**Records drawn from a dataset:**
──────

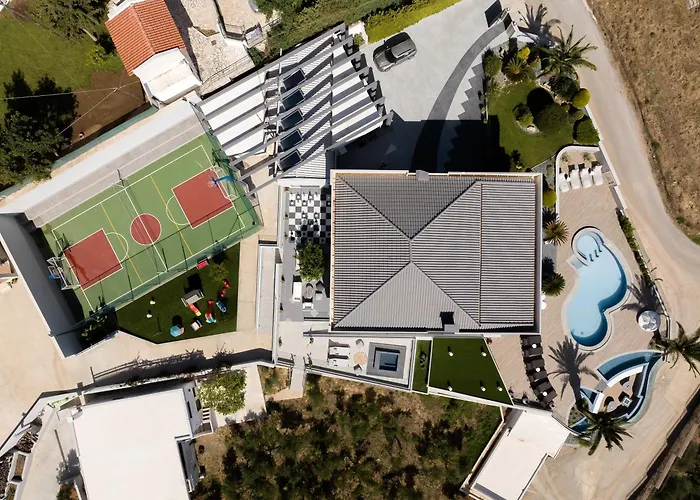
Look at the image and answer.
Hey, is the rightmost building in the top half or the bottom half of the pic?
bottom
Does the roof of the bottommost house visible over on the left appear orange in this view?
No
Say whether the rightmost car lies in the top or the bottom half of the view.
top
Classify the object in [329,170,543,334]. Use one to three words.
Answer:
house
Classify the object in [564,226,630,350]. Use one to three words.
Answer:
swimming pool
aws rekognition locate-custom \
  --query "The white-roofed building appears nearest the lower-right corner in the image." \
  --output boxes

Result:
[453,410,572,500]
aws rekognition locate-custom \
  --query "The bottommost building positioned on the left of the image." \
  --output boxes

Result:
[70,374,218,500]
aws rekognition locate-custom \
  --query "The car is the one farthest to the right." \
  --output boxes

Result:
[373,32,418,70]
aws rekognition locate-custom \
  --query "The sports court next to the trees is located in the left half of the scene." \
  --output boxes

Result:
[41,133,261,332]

──────

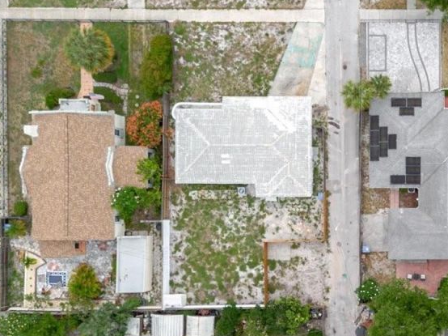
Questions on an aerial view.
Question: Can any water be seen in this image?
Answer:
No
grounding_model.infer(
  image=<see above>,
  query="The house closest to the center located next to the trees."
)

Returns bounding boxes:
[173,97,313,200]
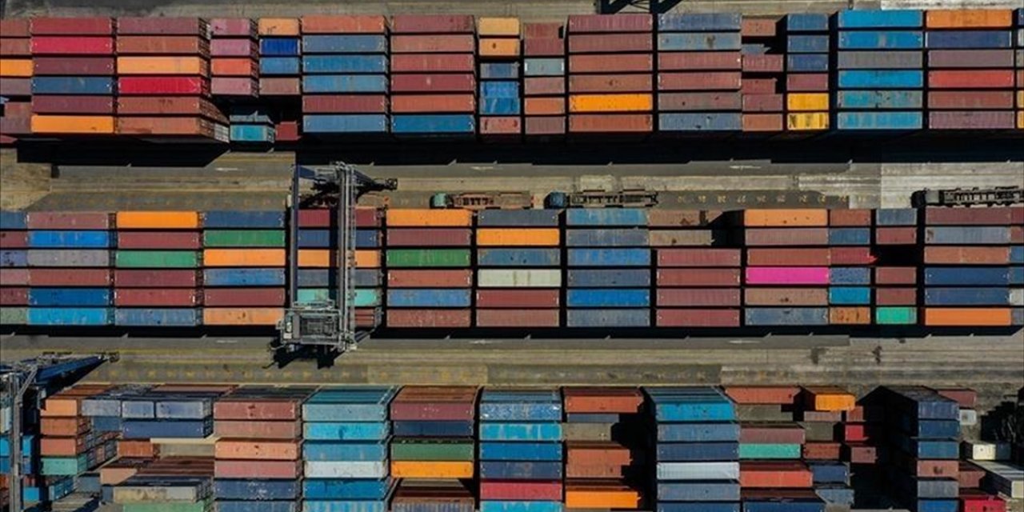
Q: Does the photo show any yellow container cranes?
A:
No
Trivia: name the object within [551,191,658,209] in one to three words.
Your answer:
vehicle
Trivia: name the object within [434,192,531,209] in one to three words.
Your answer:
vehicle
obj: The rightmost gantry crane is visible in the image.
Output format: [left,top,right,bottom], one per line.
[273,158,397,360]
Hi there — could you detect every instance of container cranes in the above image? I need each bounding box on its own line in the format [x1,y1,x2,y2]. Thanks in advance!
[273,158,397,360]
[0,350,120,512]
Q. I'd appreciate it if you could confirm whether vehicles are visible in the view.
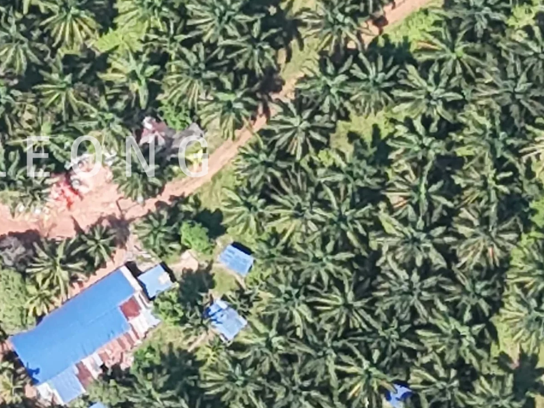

──────

**WORK INSTRUCTIONS:** Copy out every line of the data in which the word "trees" is found.

**YOUR RESPONSE:**
  --query "The sports court next to the trees is located in the left half of the scene." \
  query="The house closest to the center located next to the trees."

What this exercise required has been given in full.